Desire Path
Emma Marion |
School must be some sort of peculiar punishment that someone made up to torture kids for having too much fun. Instead of being here, I want to go outside and roll in the green grass, or take a magnifying glass to the ant hill by the side of the fence. I want to run through the forest behind the house and throw rocks at squirrels, dip my feet in the creek, and pick flowers to bring home to my mom.
I collect all sorts of flowers for her. Prickly bull thistles, warm yellow dandelions, tall stocks of goldenrod, and her absolute favourites, the Alberta wild rose. Every time I collect flowers for her, I clutch them tight in my hands and close to my heart, the thorns from the roses stabbing into my skin until I start to bleed. I don’t ever mind, because I know how much mom loves them. She’s tried growing them in our garden multiple times, but mom has anything but a green thumb. That’s why I pick them for her. They bring colour into a seemingly dead household, and a soft smell to the air.
Our house always seems so bleak, so grey. Dad passed away five years ago, when I was seven, and sometimes it felt like his ghost stood where his body used to. He’s present in the pictures in the hallways, watching me grow up. Mom brought him to my grade six graduation by wearing his old, and now broken, watch. She wears his shirts sometimes, and I hear her crying every time she has to wash one, knowing she’s washing his “scent” off. She said that there was no smell like that of someone you love.
My wildflowers bring life into a house that rarely sees it, and an old sparkle to my mom’s eyes. I wish I could see it more often. I love when my mom is happy, even if it is few and far between. She used to be such a proud and elegant woman, but now she stands hunched over, cold and empty. A husk of what she used to be.

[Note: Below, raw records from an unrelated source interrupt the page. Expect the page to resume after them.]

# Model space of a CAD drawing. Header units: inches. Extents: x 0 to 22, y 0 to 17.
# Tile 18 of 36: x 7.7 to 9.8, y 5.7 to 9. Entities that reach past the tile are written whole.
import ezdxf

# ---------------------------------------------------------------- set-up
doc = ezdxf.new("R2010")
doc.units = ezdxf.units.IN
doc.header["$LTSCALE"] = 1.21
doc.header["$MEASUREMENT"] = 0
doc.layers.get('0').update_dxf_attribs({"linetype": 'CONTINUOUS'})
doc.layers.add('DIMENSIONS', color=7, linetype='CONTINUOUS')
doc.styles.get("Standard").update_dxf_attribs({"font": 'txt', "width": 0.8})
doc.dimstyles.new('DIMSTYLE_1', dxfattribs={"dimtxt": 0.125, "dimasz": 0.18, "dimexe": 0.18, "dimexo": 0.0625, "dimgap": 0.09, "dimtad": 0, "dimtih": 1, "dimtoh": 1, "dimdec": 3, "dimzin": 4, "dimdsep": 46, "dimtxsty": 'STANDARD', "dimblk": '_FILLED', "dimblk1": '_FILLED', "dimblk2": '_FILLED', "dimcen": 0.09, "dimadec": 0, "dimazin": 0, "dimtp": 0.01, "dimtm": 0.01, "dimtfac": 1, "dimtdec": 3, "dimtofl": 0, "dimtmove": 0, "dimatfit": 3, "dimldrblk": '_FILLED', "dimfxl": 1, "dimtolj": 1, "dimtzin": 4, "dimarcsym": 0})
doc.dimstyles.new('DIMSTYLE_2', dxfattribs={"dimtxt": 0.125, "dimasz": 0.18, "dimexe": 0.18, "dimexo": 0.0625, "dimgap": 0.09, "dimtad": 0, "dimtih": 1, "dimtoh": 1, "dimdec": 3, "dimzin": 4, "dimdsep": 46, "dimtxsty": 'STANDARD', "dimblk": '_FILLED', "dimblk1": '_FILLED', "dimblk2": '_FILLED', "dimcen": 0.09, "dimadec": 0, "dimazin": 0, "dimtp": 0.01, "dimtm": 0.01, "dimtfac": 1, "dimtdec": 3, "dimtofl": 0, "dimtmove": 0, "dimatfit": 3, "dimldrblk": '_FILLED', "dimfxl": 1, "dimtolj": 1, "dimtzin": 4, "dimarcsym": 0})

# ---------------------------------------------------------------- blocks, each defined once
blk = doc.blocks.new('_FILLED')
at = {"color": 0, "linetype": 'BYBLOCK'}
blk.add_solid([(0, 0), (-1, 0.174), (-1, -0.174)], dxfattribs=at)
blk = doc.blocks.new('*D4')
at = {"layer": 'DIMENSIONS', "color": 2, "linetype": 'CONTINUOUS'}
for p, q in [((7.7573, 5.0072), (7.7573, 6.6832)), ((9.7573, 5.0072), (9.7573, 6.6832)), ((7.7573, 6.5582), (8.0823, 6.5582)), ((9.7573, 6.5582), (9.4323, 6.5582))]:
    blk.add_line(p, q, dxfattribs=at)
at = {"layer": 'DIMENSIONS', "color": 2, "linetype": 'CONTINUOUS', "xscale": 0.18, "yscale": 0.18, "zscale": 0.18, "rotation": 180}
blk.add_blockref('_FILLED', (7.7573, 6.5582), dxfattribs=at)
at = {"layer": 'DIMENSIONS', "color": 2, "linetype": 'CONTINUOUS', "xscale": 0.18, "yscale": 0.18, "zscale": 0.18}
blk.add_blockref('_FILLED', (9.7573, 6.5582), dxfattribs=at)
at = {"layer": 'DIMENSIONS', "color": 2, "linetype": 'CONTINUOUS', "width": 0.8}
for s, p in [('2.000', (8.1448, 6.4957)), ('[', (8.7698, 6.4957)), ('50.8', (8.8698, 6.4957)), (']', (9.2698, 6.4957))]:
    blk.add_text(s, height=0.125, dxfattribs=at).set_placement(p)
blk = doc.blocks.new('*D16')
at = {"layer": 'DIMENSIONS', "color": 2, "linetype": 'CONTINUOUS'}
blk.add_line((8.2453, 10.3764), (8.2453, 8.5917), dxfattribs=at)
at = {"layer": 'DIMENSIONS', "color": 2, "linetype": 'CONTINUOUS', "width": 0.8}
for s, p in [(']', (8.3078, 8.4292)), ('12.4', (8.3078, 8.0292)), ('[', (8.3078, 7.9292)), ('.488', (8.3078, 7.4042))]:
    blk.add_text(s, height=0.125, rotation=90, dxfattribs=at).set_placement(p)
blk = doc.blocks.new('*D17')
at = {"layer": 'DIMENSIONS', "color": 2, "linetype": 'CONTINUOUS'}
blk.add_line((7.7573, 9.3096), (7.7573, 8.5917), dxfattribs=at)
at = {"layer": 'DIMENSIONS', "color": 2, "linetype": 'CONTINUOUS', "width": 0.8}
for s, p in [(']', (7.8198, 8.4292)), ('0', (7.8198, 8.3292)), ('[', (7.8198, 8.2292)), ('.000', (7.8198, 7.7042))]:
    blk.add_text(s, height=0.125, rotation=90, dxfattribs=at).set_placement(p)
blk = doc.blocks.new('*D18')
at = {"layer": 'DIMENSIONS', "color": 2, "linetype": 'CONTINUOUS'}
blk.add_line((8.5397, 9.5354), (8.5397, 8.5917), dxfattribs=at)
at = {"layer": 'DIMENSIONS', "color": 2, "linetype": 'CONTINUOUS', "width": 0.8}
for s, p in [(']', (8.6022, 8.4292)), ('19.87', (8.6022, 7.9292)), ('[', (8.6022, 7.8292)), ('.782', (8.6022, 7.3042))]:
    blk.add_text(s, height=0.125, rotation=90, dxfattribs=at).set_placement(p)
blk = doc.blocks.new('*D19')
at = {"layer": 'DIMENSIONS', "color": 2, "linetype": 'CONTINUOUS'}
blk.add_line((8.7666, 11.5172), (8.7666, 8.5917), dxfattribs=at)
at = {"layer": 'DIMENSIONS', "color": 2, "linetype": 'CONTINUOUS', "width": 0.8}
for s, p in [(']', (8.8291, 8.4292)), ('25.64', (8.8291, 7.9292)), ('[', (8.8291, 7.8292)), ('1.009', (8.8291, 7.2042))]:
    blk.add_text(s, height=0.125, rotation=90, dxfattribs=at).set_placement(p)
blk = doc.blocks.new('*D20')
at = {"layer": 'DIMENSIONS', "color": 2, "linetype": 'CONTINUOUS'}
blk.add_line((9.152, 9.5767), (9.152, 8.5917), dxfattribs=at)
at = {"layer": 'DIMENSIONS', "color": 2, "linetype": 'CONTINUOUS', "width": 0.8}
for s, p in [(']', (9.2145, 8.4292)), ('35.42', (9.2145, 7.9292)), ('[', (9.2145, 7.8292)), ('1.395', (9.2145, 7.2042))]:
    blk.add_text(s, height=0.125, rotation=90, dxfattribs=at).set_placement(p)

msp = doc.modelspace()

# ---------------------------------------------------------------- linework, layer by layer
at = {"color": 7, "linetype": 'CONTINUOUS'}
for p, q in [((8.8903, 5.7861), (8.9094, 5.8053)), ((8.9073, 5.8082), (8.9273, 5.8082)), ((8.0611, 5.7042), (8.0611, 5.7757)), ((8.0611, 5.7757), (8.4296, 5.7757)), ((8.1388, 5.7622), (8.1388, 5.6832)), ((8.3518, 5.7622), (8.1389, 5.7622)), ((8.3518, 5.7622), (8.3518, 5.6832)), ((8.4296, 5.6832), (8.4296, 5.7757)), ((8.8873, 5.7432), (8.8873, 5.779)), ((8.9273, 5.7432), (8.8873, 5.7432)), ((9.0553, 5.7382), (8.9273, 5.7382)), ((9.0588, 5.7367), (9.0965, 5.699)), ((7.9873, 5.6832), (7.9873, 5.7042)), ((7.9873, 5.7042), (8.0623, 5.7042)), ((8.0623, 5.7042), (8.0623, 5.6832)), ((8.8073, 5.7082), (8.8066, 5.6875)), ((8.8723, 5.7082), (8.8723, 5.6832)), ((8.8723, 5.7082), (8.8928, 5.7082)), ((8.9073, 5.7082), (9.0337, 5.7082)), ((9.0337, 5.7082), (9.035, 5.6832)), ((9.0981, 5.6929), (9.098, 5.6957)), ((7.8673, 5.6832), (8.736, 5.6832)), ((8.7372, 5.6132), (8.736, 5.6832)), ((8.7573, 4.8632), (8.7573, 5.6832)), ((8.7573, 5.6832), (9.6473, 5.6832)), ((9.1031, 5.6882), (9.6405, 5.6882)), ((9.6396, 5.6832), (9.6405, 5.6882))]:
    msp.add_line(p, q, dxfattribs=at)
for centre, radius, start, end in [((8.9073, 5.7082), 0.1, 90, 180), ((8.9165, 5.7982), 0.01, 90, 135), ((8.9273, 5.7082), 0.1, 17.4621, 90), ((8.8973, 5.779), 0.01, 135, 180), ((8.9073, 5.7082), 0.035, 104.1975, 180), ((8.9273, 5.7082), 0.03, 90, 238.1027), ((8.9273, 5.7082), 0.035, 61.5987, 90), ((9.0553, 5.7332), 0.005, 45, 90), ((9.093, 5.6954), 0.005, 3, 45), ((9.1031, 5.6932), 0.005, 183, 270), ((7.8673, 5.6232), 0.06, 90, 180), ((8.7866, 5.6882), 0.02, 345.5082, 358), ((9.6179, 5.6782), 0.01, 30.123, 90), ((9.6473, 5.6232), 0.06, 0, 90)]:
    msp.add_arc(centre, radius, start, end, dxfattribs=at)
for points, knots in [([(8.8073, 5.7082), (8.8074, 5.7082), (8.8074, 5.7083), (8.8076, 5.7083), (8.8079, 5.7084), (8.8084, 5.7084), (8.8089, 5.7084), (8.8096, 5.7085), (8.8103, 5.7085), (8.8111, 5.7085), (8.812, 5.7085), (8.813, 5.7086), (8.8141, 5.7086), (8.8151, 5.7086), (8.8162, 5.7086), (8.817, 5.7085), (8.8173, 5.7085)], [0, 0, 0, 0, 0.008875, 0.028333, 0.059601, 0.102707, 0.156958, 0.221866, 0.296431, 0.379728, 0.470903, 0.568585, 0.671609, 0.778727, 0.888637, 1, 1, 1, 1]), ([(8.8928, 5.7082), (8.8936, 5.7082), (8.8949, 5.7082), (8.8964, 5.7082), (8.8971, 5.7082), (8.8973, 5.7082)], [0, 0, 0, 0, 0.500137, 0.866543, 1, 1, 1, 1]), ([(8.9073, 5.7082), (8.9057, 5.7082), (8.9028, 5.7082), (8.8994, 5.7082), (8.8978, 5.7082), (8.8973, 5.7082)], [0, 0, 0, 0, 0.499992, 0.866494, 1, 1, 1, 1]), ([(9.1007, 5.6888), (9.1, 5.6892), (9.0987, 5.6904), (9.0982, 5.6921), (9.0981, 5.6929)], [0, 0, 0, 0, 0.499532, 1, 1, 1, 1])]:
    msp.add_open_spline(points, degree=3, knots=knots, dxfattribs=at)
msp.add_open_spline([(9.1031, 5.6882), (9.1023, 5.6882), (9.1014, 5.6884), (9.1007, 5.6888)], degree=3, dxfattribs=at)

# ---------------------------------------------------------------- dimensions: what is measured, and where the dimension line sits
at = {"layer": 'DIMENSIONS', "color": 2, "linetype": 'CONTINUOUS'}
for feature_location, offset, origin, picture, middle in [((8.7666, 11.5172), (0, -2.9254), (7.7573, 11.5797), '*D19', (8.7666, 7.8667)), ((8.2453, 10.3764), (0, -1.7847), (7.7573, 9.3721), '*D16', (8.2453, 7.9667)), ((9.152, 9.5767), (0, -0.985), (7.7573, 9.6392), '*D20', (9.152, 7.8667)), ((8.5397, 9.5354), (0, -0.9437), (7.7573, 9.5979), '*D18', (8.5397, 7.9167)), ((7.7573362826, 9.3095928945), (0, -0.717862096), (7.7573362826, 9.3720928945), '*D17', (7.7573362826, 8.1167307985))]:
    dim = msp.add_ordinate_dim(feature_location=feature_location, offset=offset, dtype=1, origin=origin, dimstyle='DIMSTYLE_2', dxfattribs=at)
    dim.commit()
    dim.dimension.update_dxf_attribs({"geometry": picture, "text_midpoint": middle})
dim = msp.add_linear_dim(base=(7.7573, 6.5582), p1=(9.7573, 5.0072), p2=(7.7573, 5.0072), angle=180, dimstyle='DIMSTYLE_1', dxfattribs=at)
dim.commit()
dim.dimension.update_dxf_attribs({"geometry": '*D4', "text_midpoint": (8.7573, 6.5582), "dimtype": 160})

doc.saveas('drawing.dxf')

Sitting in my uncomfortable desk today, barely listening to my teacher, is like torture knowing my mom is at home wasting away in her chair. Right now, I can’t pick any wildflowers. The sound of the bell ringing pulls me out of my grim thoughts, and I run home as fast as I can. My chest is heaving and my breath is hot by the time I reach the forest. I keep running down the desire path I made after several trips through it.
Desire path. A path created by consistent travel on the same pathway, out of convenience or familiarity. My desire path leads me towards the creek where I can pick flowers, and then home, where I will always find mom sitting at the kitchen table knitting, the needles clicking loudly and melodically together. I travel this path as often as I know flowers will be growing.
Today I only found two wild rose flowers around the creek, so I clutch those flowers like my life depends on it, pretending it doesn’t hurt my hand. I reach the house and I give today’s picks over to mom, apologizing for the lack of the small pink roses that she loves so much. I wait for her reaction. Mom says nothing, but she smiles at me, and everything feels whole again.